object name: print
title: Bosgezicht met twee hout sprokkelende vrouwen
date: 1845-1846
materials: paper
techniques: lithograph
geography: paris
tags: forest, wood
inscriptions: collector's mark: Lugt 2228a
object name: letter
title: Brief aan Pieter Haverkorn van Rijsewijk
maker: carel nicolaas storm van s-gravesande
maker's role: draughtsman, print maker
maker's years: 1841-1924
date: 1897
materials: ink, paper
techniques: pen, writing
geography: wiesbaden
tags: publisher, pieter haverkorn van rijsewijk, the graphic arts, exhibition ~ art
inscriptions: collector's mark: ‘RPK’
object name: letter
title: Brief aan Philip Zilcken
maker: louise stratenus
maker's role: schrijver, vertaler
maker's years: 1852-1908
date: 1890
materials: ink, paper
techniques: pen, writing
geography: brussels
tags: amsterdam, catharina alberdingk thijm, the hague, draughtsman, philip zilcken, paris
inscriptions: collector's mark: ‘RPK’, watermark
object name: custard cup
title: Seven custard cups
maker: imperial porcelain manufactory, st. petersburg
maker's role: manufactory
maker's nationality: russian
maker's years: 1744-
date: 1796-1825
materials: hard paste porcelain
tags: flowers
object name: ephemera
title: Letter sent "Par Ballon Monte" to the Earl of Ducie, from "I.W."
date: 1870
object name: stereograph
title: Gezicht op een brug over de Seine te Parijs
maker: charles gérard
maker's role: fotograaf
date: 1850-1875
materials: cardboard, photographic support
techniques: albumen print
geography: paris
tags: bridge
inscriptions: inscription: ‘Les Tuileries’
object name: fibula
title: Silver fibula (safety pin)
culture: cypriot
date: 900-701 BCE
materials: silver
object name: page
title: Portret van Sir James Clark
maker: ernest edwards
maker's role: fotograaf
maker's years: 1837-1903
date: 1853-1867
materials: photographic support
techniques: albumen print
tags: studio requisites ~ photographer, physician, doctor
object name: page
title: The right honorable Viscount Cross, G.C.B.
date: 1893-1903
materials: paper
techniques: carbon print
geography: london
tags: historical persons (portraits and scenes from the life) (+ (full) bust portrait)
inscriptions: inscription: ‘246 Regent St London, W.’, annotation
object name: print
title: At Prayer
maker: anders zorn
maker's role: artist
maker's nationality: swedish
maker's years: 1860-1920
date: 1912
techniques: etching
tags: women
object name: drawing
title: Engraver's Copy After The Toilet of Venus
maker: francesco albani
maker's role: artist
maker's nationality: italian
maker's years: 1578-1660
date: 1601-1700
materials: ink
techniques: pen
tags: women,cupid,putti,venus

YOUR ASSIGNMENT:
Output exactly one stretch of the listing: from the line containing "tags: bridge" through the line containing "title: The right", both end lines included.

ANSWER TO THE PROBLEM:
tags: bridge
inscriptions: inscription: ‘Les Tuileries’
object name: fibula
title: Silver fibula (safety pin)
culture: cypriot
date: 900-701 BCE
materials: silver
object name: page
title: Portret van Sir James Clark
maker: ernest edwards
maker's role: fotograaf
maker's years: 1837-1903
date: 1853-1867
materials: photographic support
techniques: albumen print
tags: studio requisites ~ photographer, physician, doctor
object name: page
title: The right honorable Viscount Cross, G.C.B.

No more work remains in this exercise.